- _Input records_

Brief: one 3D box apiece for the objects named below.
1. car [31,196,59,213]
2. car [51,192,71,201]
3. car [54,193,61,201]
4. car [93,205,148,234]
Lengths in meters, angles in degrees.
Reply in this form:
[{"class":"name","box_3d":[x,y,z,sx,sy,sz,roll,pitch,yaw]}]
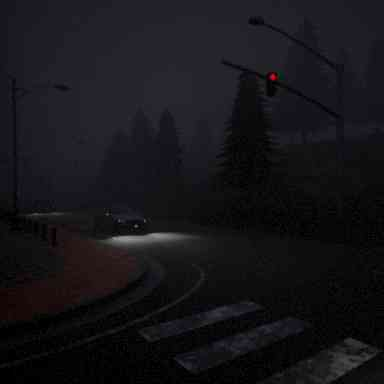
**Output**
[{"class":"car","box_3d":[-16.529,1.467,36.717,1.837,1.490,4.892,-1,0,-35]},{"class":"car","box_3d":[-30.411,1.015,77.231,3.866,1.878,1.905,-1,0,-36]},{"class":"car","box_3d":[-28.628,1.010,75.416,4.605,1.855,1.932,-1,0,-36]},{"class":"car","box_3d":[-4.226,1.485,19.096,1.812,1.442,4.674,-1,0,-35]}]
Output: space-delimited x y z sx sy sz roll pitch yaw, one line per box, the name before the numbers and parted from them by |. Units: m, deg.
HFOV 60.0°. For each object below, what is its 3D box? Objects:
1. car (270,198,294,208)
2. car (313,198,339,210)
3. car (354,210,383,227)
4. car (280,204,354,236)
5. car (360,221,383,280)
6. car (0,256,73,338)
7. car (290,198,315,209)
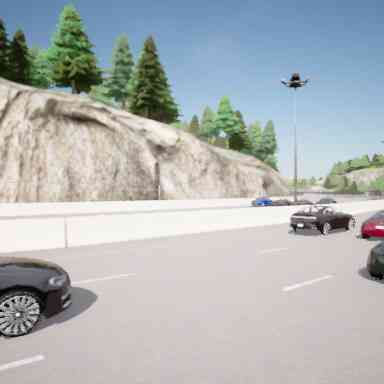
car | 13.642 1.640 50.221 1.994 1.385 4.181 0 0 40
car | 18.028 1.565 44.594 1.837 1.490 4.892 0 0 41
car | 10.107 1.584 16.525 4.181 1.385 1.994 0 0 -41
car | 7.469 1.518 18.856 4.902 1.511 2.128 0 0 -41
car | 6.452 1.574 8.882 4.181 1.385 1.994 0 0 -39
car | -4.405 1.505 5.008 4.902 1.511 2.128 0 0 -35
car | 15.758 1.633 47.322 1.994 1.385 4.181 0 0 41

---

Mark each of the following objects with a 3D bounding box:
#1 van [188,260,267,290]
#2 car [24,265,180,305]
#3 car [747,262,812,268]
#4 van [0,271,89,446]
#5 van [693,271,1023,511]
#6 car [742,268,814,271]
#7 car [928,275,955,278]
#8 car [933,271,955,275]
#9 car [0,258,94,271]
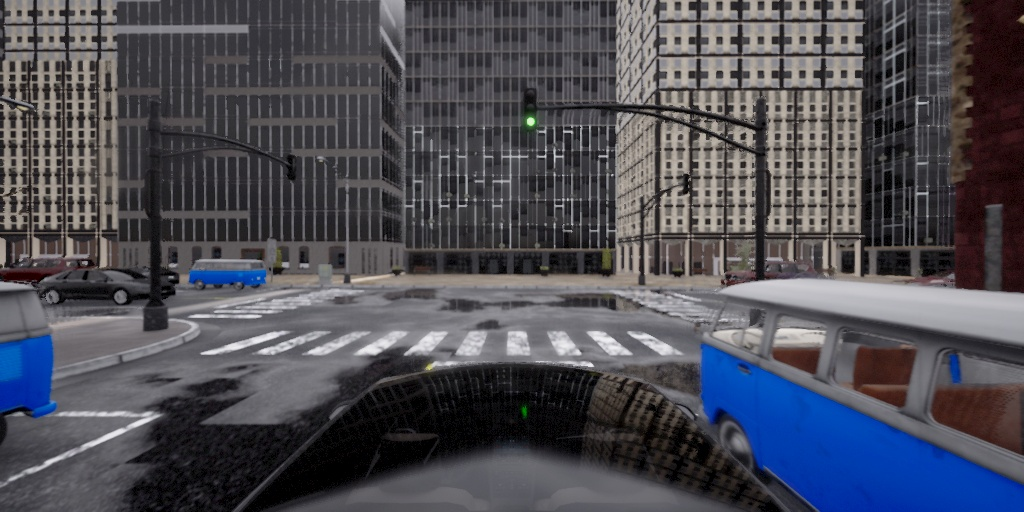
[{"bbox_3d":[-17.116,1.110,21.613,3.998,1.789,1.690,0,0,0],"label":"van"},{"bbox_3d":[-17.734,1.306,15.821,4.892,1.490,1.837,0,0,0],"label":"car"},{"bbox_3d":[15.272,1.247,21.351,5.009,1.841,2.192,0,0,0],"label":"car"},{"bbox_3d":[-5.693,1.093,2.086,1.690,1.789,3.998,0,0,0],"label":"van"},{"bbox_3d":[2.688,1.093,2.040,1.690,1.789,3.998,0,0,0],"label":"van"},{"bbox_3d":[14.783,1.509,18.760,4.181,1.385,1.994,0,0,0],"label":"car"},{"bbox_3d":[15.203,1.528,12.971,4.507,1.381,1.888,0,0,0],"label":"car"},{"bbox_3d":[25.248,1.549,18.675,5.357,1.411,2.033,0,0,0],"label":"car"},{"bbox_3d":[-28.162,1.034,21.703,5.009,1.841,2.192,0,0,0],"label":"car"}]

* * *

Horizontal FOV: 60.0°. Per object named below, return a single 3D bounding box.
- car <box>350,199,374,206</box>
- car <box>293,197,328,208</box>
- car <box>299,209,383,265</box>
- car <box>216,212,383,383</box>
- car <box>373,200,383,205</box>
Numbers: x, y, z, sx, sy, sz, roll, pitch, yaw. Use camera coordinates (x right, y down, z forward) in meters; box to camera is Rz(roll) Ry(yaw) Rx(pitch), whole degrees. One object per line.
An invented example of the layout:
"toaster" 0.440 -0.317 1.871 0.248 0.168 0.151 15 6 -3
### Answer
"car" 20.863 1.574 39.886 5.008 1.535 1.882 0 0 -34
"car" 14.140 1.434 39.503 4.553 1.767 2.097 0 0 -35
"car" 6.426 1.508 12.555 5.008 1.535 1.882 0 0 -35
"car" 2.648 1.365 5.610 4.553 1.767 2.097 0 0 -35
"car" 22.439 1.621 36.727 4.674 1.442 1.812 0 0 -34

- _Your objective_
Go to the line with "#2 car [24,265,180,305]" in the entries above and repeat every line from there through the line with "#8 car [933,271,955,275]", exactly and with no other text.

- _Solution below_
#2 car [24,265,180,305]
#3 car [747,262,812,268]
#4 van [0,271,89,446]
#5 van [693,271,1023,511]
#6 car [742,268,814,271]
#7 car [928,275,955,278]
#8 car [933,271,955,275]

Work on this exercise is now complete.